Non seppe come fece, né perché fu così facile, ma le disse tutto. Di suo padre, delle mani alzate, delle cicatrici visibili ed invisibili. Tutto. E lei se ne stette lì, ad annuire, senza commentare, né fare altro.
“Avevo fatto due più due, ed ero arrivata alla quella stessa conclusione.”, disse Arianna, sospirando.
“Che vuoi dire?”, le chiese.
“Jo… Te l’ho detto stamattina, anche io ho avuto problemi con uomini dalle mani troppo pesanti.”, le ripeté Arianna, “E in tutto questo tempo ho visto riprodotti in te atteggiamenti che furono miei.”
“Non ti capisco.”
“Hai paura di tutto e di tutti. Ti nascondi, non esci mai allo scoperto, non ti fidi di nessuno, tranne che di qualche sporadico caso, più unico che raro.”, disse Arianna, con una nota ironica nel finale, “Esattamente come me. Dopo aver lasciato Giovanni, e Dio sa quanto mi ci è voluto per farlo, mi comportavo esattamente come te. Fuggivo dalla vita, dalle persone…”

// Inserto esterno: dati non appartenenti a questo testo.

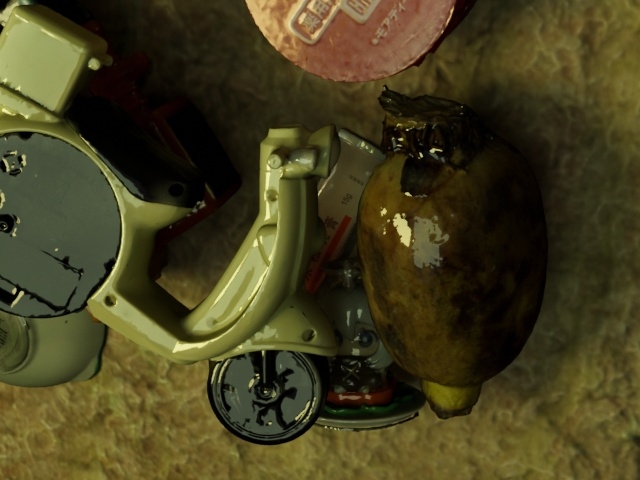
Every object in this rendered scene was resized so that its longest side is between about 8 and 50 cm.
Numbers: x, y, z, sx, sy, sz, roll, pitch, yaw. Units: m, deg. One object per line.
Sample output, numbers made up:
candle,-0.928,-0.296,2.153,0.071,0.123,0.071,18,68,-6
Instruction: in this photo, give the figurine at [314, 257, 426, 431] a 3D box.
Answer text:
figurine,0.034,0.086,1.174,0.132,0.132,0.153,2,101,20

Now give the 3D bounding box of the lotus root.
lotus root,0.117,0.019,1.082,0.141,0.169,0.314,21,127,48

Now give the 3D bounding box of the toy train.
toy train,-0.230,-0.083,1.181,0.232,0.163,0.369,-30,98,15

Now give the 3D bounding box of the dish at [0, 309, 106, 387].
dish,-0.340,0.068,1.325,0.246,0.078,0.224,48,120,-2

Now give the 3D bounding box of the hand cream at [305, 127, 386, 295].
hand cream,0.001,0.000,1.198,0.052,0.038,0.216,18,115,-17

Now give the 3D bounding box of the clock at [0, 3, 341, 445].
clock,-0.131,-0.014,1.060,0.379,0.120,0.276,25,103,-3

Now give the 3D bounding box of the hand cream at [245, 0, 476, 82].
hand cream,0.039,-0.234,1.035,0.193,0.125,0.193,7,112,18
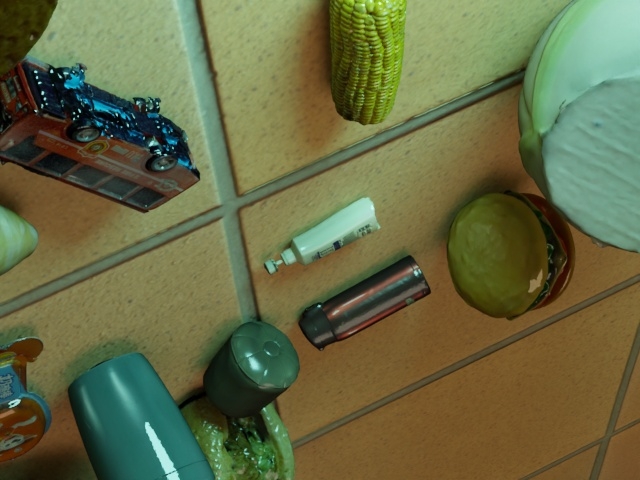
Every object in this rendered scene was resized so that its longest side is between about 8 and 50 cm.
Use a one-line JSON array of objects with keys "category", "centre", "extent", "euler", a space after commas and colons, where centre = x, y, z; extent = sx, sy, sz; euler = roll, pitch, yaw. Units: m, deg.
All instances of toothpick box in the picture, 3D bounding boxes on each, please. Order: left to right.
[{"category": "toothpick box", "centre": [-0.206, 0.222, 1.536], "extent": [0.120, 0.184, 0.120], "euler": [-26, 167, -7]}]

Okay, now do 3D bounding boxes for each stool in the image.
[{"category": "stool", "centre": [-0.086, 0.158, 1.652], "extent": [0.096, 0.096, 0.110], "euler": [0, 145, -42]}]

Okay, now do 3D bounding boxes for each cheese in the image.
[{"category": "cheese", "centre": [-0.346, 0.182, 1.502], "extent": [0.106, 0.037, 0.256], "euler": [-19, 150, -23]}]

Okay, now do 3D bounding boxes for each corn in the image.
[{"category": "corn", "centre": [0.044, -0.180, 1.268], "extent": [0.072, 0.072, 0.203], "euler": [-23, 151, -13]}]

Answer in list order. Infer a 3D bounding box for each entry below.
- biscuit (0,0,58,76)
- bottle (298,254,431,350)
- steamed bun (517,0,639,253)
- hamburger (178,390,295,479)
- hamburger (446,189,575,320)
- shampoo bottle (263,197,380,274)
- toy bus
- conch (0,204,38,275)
[{"category": "biscuit", "centre": [-0.353, -0.148, 0.963], "extent": [0.367, 0.063, 0.314], "euler": [-27, 155, -4]}, {"category": "bottle", "centre": [0.052, 0.079, 1.690], "extent": [0.164, 0.060, 0.060], "euler": [-29, 151, -3]}, {"category": "steamed bun", "centre": [0.356, -0.155, 1.417], "extent": [0.309, 0.309, 0.309], "euler": [-23, 150, -14]}, {"category": "hamburger", "centre": [-0.142, 0.336, 1.791], "extent": [0.167, 0.192, 0.288], "euler": [-7, 145, -52]}, {"category": "hamburger", "centre": [0.231, 0.017, 1.656], "extent": [0.115, 0.162, 0.162], "euler": [-5, 142, -41]}, {"category": "shampoo bottle", "centre": [0.000, 0.000, 1.542], "extent": [0.141, 0.034, 0.049], "euler": [-28, 158, -4]}, {"category": "toy bus", "centre": [-0.199, -0.088, 1.189], "extent": [0.096, 0.074, 0.235], "euler": [-35, 152, 22]}, {"category": "conch", "centre": [-0.340, 0.020, 1.160], "extent": [0.255, 0.127, 0.158], "euler": [5, 138, -48]}]
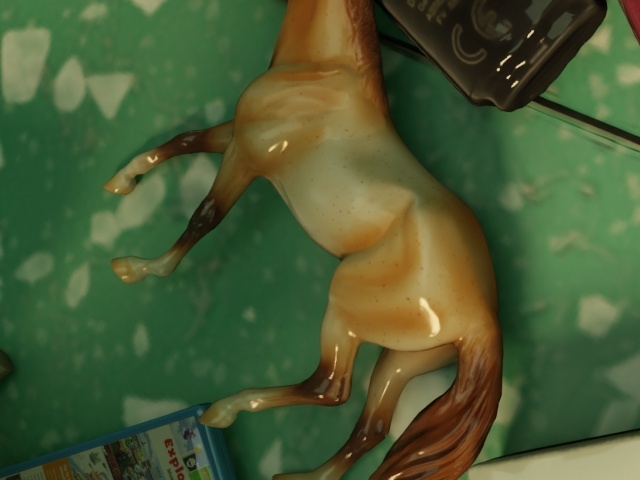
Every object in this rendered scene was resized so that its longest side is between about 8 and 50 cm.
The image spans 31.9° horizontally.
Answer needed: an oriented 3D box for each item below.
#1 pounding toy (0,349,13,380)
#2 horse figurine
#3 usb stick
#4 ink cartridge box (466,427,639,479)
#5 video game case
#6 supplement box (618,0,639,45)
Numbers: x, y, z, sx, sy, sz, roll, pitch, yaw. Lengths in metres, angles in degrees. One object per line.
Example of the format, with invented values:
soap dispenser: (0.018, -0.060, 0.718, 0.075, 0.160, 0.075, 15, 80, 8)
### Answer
pounding toy: (-0.260, 0.106, 0.468, 0.110, 0.237, 0.183, 42, 102, -2)
horse figurine: (0.000, 0.000, 0.475, 0.174, 0.066, 0.263, -39, 69, 20)
usb stick: (0.012, -0.172, 0.495, 0.278, 0.045, 0.077, 51, 117, 19)
ink cartridge box: (0.208, 0.167, 0.373, 0.275, 0.060, 0.239, -16, 77, 20)
video game case: (-0.106, 0.155, 0.520, 0.166, 0.015, 0.119, -20, 81, 20)
supplement box: (0.166, -0.091, 0.406, 0.104, 0.081, 0.188, -26, 75, 18)
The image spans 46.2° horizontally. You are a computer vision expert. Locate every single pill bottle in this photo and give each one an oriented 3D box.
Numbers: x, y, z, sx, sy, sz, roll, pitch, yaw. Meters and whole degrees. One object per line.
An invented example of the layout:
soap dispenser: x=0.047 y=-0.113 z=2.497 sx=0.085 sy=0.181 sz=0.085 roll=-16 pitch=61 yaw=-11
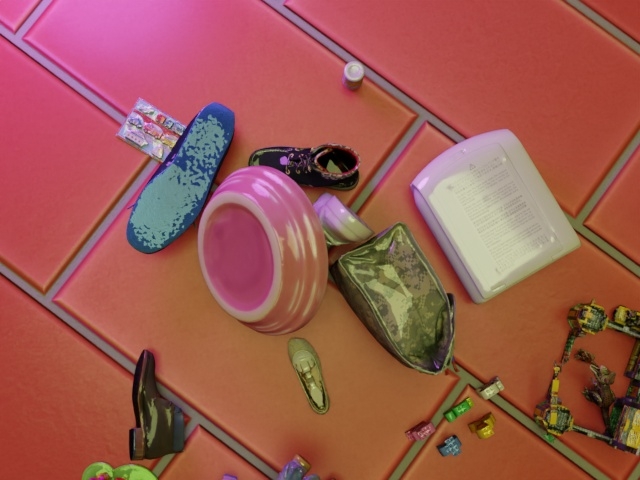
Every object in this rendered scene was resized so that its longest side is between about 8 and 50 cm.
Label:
pill bottle: x=0.069 y=-0.343 z=1.575 sx=0.043 sy=0.083 sz=0.043 roll=0 pitch=85 yaw=-2

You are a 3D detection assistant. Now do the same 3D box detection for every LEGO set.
LEGO set: x=0.582 y=0.280 z=1.477 sx=0.255 sy=0.192 sz=0.331 roll=29 pitch=85 yaw=1
LEGO set: x=0.295 y=0.371 z=1.513 sx=0.227 sy=0.093 sz=0.087 roll=-31 pitch=87 yaw=-4

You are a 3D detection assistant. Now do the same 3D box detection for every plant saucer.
plant saucer: x=-0.129 y=0.026 z=1.433 sx=0.084 sy=0.332 sz=0.332 roll=-14 pitch=84 yaw=-43

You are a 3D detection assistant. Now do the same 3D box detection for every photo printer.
photo printer: x=0.350 y=-0.060 z=1.545 sx=0.256 sy=0.107 sz=0.307 roll=-30 pitch=86 yaw=-4

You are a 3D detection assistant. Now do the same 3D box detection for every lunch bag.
lunch bag: x=0.157 y=0.127 z=1.460 sx=0.169 sy=0.235 sz=0.287 roll=-31 pitch=86 yaw=-6

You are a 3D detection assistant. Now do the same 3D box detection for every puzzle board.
puzzle board: x=-0.356 y=-0.231 z=1.593 sx=0.128 sy=0.011 sz=0.096 roll=31 pitch=85 yaw=2

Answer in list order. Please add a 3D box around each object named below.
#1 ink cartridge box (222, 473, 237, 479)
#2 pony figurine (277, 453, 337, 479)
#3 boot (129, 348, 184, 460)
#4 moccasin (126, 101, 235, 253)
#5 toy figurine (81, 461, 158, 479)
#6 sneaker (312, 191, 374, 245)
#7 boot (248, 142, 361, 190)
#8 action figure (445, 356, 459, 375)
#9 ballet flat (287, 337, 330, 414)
ink cartridge box: x=-0.189 y=0.501 z=1.496 sx=0.028 sy=0.083 sz=0.048 roll=15 pitch=85 yaw=0
pony figurine: x=-0.111 y=0.576 z=1.373 sx=0.303 sy=0.351 sz=0.363 roll=38 pitch=81 yaw=14
boot: x=-0.328 y=0.334 z=1.526 sx=0.106 sy=0.082 sz=0.219 roll=6 pitch=80 yaw=-22
moccasin: x=-0.273 y=-0.117 z=1.537 sx=0.138 sy=0.117 sz=0.342 roll=37 pitch=80 yaw=-10
toy figurine: x=-0.405 y=0.505 z=1.454 sx=0.173 sy=0.159 sz=0.130 roll=29 pitch=85 yaw=2
sneaker: x=0.000 y=0.000 z=1.448 sx=0.108 sy=0.292 sz=0.169 roll=44 pitch=89 yaw=-10
boot: x=-0.032 y=-0.159 z=1.509 sx=0.236 sy=0.178 sz=0.085 roll=9 pitch=85 yaw=-1
action figure: x=0.258 y=0.221 z=1.559 sx=0.038 sy=0.030 sz=0.115 roll=-18 pitch=84 yaw=2
ballet flat: x=-0.020 y=0.276 z=1.535 sx=0.057 sy=0.052 sz=0.168 roll=-24 pitch=86 yaw=-3
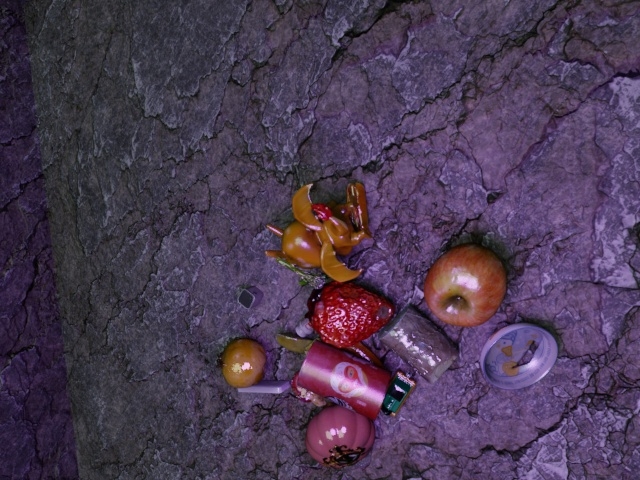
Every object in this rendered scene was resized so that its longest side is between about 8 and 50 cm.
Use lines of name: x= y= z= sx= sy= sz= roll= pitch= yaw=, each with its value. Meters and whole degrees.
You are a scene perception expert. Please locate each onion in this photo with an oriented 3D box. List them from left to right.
onion: x=-0.062 y=0.673 z=1.877 sx=0.150 sy=0.140 sz=0.150 roll=1 pitch=60 yaw=-2

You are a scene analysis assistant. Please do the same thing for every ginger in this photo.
ginger: x=-0.012 y=0.581 z=1.806 sx=0.086 sy=0.131 sz=0.294 roll=-11 pitch=77 yaw=46

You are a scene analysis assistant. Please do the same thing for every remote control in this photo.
remote control: x=-0.275 y=0.706 z=1.969 sx=0.250 sy=0.103 sz=0.034 roll=-8 pitch=88 yaw=24

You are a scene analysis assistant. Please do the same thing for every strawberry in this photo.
strawberry: x=0.113 y=0.312 z=1.655 sx=0.310 sy=0.292 sz=0.291 roll=26 pitch=104 yaw=23

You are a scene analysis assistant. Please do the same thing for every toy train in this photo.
toy train: x=0.309 y=0.638 z=1.676 sx=0.091 sy=0.136 sz=0.227 roll=33 pitch=105 yaw=19

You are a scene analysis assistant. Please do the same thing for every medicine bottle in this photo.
medicine bottle: x=-0.046 y=0.376 z=1.848 sx=0.140 sy=0.079 sz=0.079 roll=-44 pitch=76 yaw=21

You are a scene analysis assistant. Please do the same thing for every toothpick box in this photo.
toothpick box: x=0.097 y=0.554 z=1.632 sx=0.333 sy=0.204 sz=0.204 roll=21 pitch=103 yaw=12

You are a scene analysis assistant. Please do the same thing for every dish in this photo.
dish: x=0.698 y=0.395 z=1.485 sx=0.274 sy=0.134 sz=0.273 roll=-2 pitch=112 yaw=-4

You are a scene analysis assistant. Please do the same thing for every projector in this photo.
projector: x=-0.339 y=0.277 z=1.973 sx=0.083 sy=0.082 sz=0.083 roll=34 pitch=107 yaw=18

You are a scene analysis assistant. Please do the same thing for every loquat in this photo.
loquat: x=-0.376 y=0.582 z=1.936 sx=0.244 sy=0.244 sz=0.243 roll=2 pitch=95 yaw=25

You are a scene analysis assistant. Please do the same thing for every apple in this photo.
apple: x=0.533 y=0.155 z=1.489 sx=0.277 sy=0.250 sz=0.309 roll=43 pitch=132 yaw=0

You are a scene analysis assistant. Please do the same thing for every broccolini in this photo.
broccolini: x=-0.078 y=0.115 z=1.590 sx=0.216 sy=0.067 sz=0.058 roll=34 pitch=119 yaw=11

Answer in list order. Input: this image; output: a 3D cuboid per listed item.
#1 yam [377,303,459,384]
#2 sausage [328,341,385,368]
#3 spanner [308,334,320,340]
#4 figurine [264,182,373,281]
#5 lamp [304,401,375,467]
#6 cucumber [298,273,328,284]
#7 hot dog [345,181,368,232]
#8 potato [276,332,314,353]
yam: x=0.383 y=0.412 z=1.601 sx=0.271 sy=0.201 sz=0.202 roll=40 pitch=110 yaw=10
sausage: x=0.160 y=0.490 z=1.764 sx=0.302 sy=0.076 sz=0.102 roll=36 pitch=108 yaw=18
spanner: x=-0.017 y=0.443 z=1.875 sx=0.254 sy=0.015 sz=0.054 roll=-38 pitch=77 yaw=22
figurine: x=-0.014 y=-0.034 z=1.664 sx=0.387 sy=0.268 sz=0.401 roll=-24 pitch=107 yaw=32
lamp: x=0.081 y=0.818 z=1.741 sx=0.306 sy=0.239 sz=0.305 roll=-5 pitch=127 yaw=-6
cucumber: x=-0.026 y=0.174 z=1.845 sx=0.168 sy=0.039 sz=0.039 roll=-18 pitch=87 yaw=27
hot dog: x=0.155 y=-0.129 z=1.724 sx=0.092 sy=0.062 sz=0.235 roll=-8 pitch=92 yaw=22
potato: x=-0.121 y=0.476 z=1.851 sx=0.149 sy=0.120 sz=0.081 roll=9 pitch=86 yaw=35
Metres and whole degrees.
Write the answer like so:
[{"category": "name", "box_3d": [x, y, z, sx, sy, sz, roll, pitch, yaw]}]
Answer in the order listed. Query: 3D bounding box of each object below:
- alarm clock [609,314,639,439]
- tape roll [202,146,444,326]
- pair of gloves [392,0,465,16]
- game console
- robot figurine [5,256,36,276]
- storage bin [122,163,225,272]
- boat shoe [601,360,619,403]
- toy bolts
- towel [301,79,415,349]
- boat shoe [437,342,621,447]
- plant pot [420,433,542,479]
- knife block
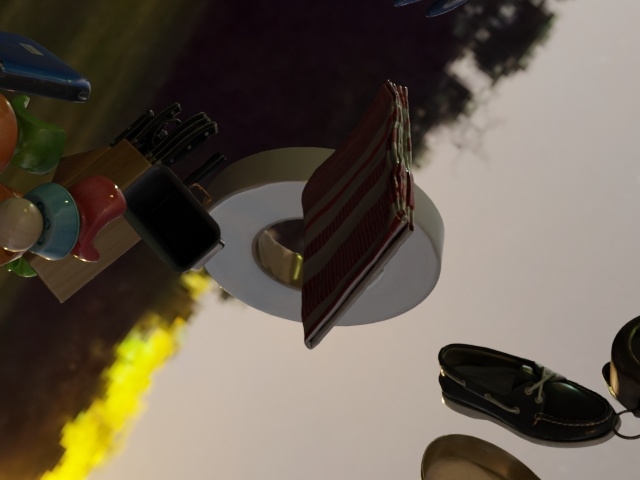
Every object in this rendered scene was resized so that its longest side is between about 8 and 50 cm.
[{"category": "alarm clock", "box_3d": [0.353, 0.138, 1.682, 0.192, 0.129, 0.064, -47, 144, -35]}, {"category": "tape roll", "box_3d": [0.000, 0.000, 2.573, 0.392, 0.392, 0.072, -44, -152, 47]}, {"category": "pair of gloves", "box_3d": [0.134, -0.353, 1.817, 0.159, 0.198, 0.023, -17, -165, -8]}, {"category": "game console", "box_3d": [-0.379, -0.115, 1.555, 0.293, 0.250, 0.173, -144, -115, -65]}, {"category": "robot figurine", "box_3d": [-0.408, 0.010, 2.354, 0.115, 0.101, 0.067, -48, 147, -64]}, {"category": "storage bin", "box_3d": [-0.179, -0.026, 2.118, 0.098, 0.135, 0.091, -42, 167, 2]}, {"category": "boat shoe", "box_3d": [0.505, 0.225, 2.398, 0.228, 0.076, 0.080, 24, -105, 47]}, {"category": "toy bolts", "box_3d": [-0.365, -0.040, 1.888, 0.158, 0.228, 0.218, -5, 127, -54]}, {"category": "towel", "box_3d": [0.040, -0.040, 2.138, 0.237, 0.037, 0.329, -52, -159, 30]}, {"category": "boat shoe", "box_3d": [0.300, 0.225, 2.436, 0.302, 0.091, 0.114, 9, -141, 34]}, {"category": "plant pot", "box_3d": [0.220, 0.346, 2.089, 0.032, 0.236, 0.236, -54, -172, 29]}, {"category": "knife block", "box_3d": [-0.253, -0.060, 2.232, 0.242, 0.088, 0.276, -11, -136, 27]}]
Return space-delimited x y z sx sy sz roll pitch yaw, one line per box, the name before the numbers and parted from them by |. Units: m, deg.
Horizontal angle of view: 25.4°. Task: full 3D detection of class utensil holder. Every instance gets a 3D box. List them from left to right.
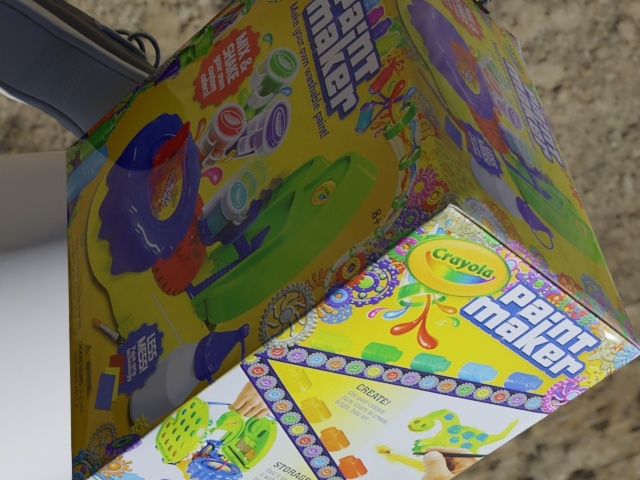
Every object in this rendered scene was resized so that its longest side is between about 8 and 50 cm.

“Arianna, credimi quando ti dico che non avrei mai pensato che ti fosse capitata una cosa del genere.”, le disse, con la mano sul cuore.
“E’ successo venti anni fa!”, esclamò la donna, “E in venti anni si guarisce, o si è da ricoverare subito, con la camicia di forza!”
E scoppiò a ridere.
Se c’era una cosa che aveva sempre amato di quella donna, era la sua risata.
Era calda, era grassa, era avvolgente. Ti entrava nelle orecchie come un’esplosione di mortaretti: fastidiosa per un solo attimo, ma poi contagiosa come la febbre alta, solo che faceva stare bene. Arianna aveva il grande pregio di sapere quando scherzare, quando essere seria, quando stare zitta, quando parlare… La adorava, era ufficiale, e le voleva più bene che mai.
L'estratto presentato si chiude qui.